Für Volocopter ist der Demoflug auch ein Test, ob sich die Öffentlichkeit für das Flugtaxi begeistern kann. Wer im Ausstellungsmodell probesitzen will, muss einen Fragebogen der Stuttgarter Hochschule für Technik ausfüllen. Unter anderem wird gefragt, welchen Preis man für die Strecke vom Flughafen Stuttgart in die Innenstadt erwarten würde. Ein Taxi kostet etwa 35 Euro, wenn die Fahrt bei freien Straßen rund 30 Minuten dauert.
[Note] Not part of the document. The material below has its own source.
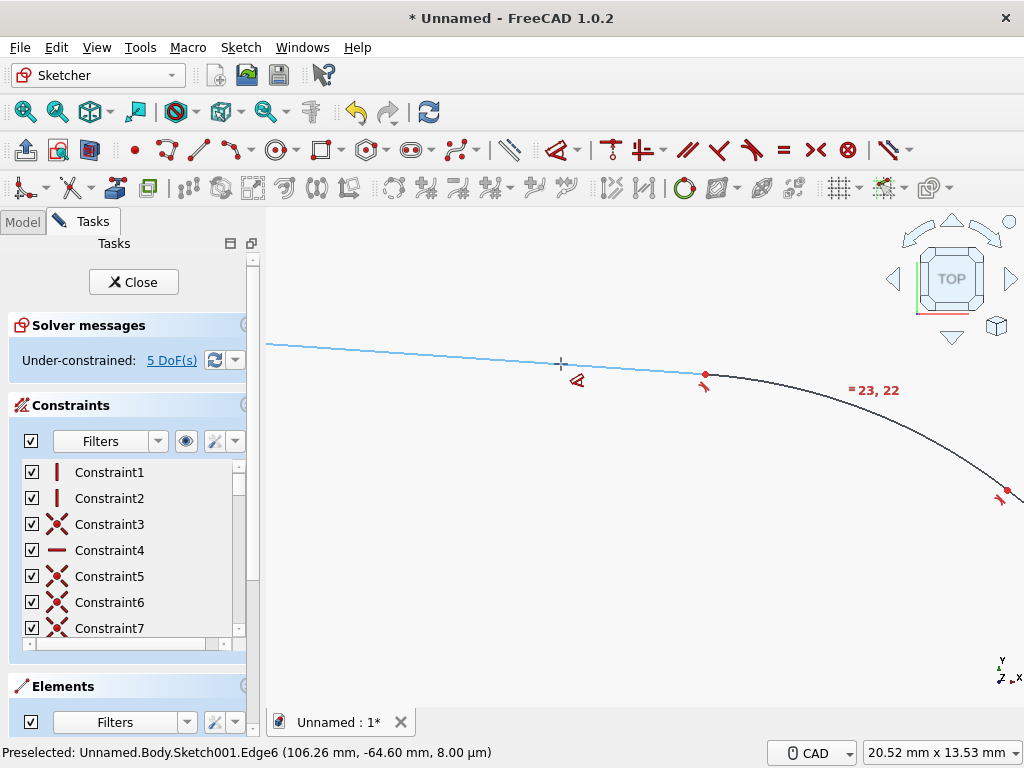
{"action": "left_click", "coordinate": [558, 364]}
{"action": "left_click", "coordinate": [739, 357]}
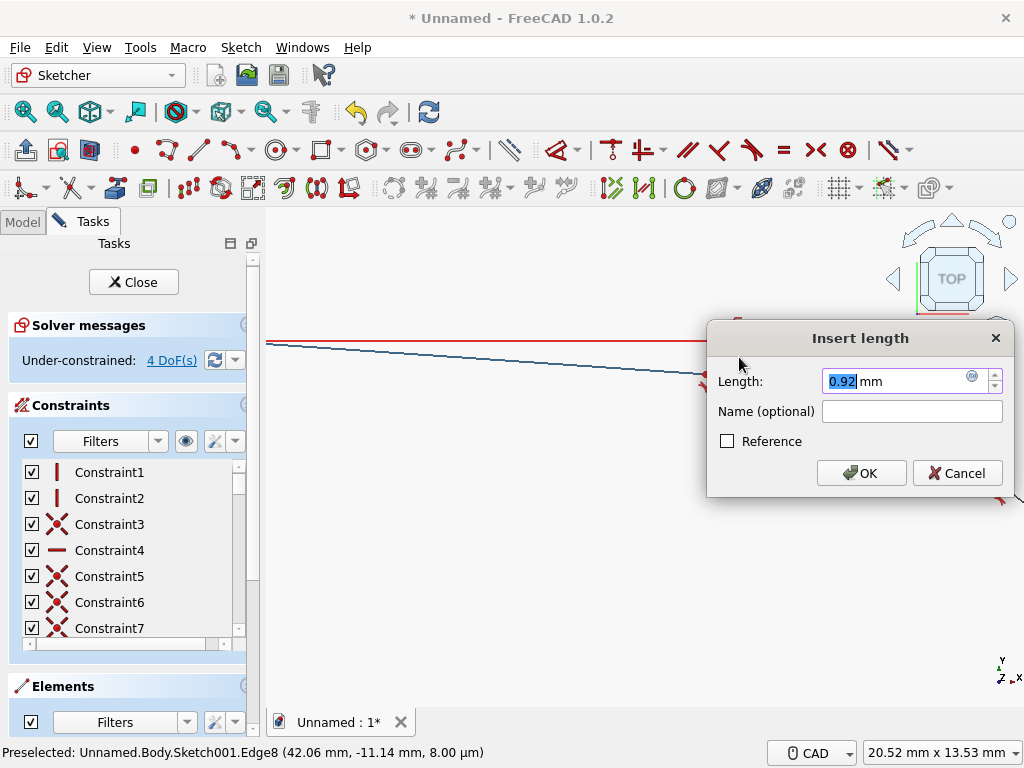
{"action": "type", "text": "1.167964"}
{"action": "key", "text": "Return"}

Auch ob man sich einem autonom fliegenden Gerät anvertrauen würde, wird gefragt. Die Ergebnisse sollen im Oktober veröffentlicht werden. Das Konzept geht auf: Die Schlange ist den ganzen Tag über lang. Im Minutentakt machen junge Männer und Frauen in Volocopter-Shirts auf Wunsch Beweisfotos von den Besuchern im Flugtaxi.
Volocopter ist nicht das einzige Unternehmen in Deutschland, das an einer derartigen Technologie arbeitet. Im Mai hatte das fünfsitzige Flugtaxi Lilium Jet in Oberpfaffenhofen bei München seinen Jungfernflug erfolgreich hinter sich gebracht. Der Flugzeugbauer Lilium wurde 2015 gegründet und will ebenfalls eine eigene Buchungsplattform anbieten. Der Flugzeugbauer Airbus hatte bereits am 1. Mai den City-Airbus vorgestellt. Das viersitzige elektrische Flugtaxi mit vier Rotoren hob in Ingolstadt ab. Das Fluggerät wurde in den vergangenen Jahren in Donauwörth bei Airbus gebaut, ab Ende des Jahres soll es in Manching ein Testprogamm durchlaufen.
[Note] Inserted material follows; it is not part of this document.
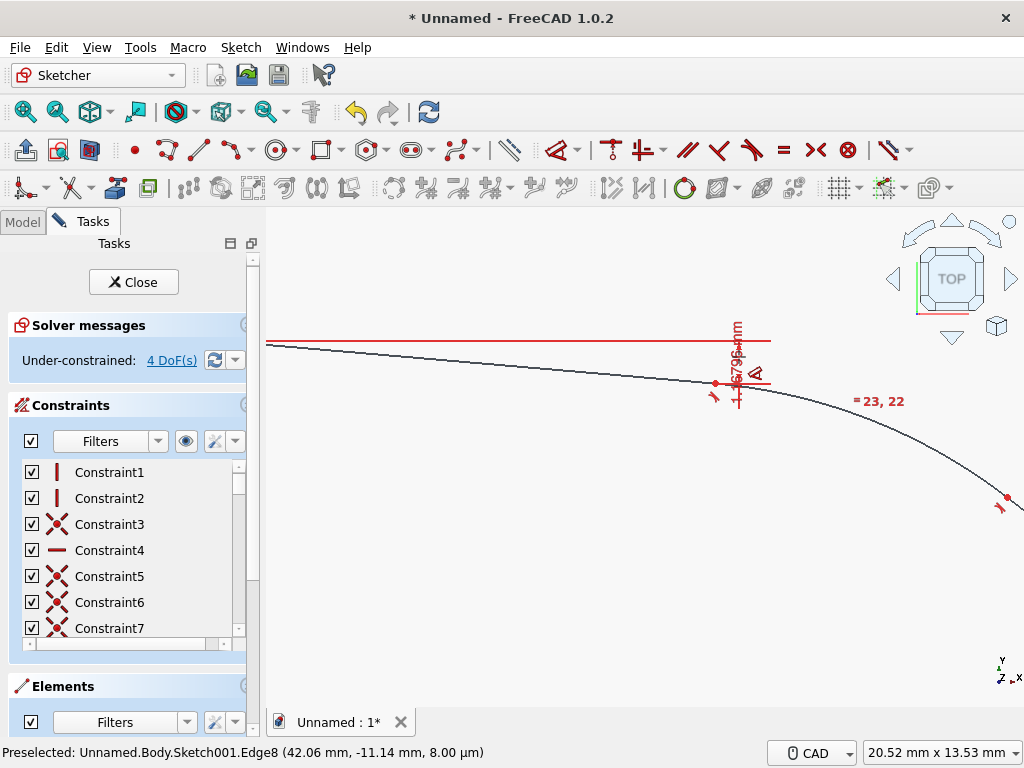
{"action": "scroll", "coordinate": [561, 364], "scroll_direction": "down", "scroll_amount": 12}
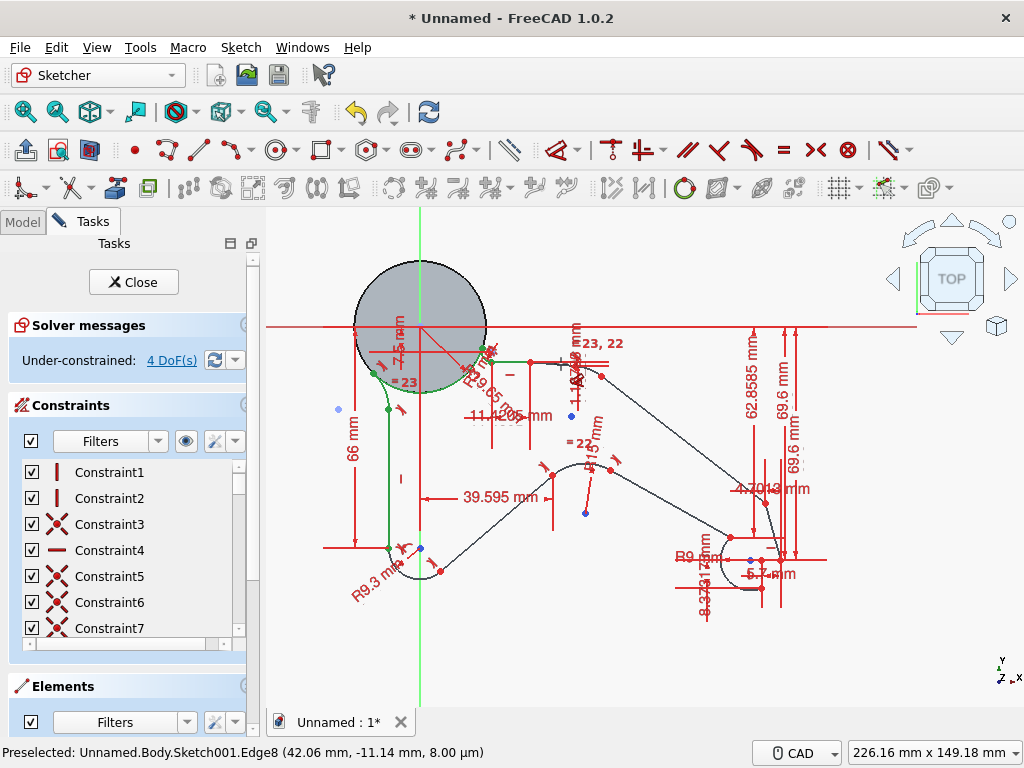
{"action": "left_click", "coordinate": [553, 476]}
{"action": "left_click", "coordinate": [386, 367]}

Zeit, in die Luft zu gehen? Manfred Hajek hält den Einsatz solcher Geräte im großen Stil vor dem Jahr 2050 für unrealistisch. „Wir erforschen in München Grundlagen und es ist noch ein weiter Weg bis zu einem komplexen Produkt.“Der Professor leitet den Lehrstuhl für Hubschraubertechnologie an der Technischen Universität München. „Wenn Sie das in der gleichen Masse haben wollen wie heutzutage Taxis, da bin ich sehr pessimistisch.“Und das, obwohl die Zahl der Projekte, die sich mit elektrischen Fluggeräten auseinandersetzen, rapide angewachsen sei. „Vergangenes Jahr waren es noch 100, jetzt sind es rund 250.“Niemand wolle den Trend verpassen.
Beim baden-württembergischen Verkehrsministerium glaubt man nicht, dass Flugtaxis irgendwann so selbstverständlich genutzt werden wie Taxis heutzutage. Welche Rolle die Fluggeräte in Zukunft spielen würden, lasse sich noch nicht abschätzen. „Flugtaxis werden aber sicherlich mengenmäßig nur in einem sehr begrenzten Segment Anwendung finden“, heißt es in einer Stellungnahme. Die Beratungsgesellschaft Horváth und Partner sagt voraus, dass schon 2025 Flugtaxis in großen Städten auf ersten, festgelegten Routen Passagiere transportieren werden, autonome Flüge prognostiziert die Firma für 2035.
Wenige Meter vom Museum entfernt holt die Realität der Mobilität von heute die Zuschauer des Probeflugs ein: Die S-Bahn zum Hauptbahnhof fährt samstags nur alle halbe Stunde. Der Blick schweift an den Himmel – aber kein Volocopter am Horizont.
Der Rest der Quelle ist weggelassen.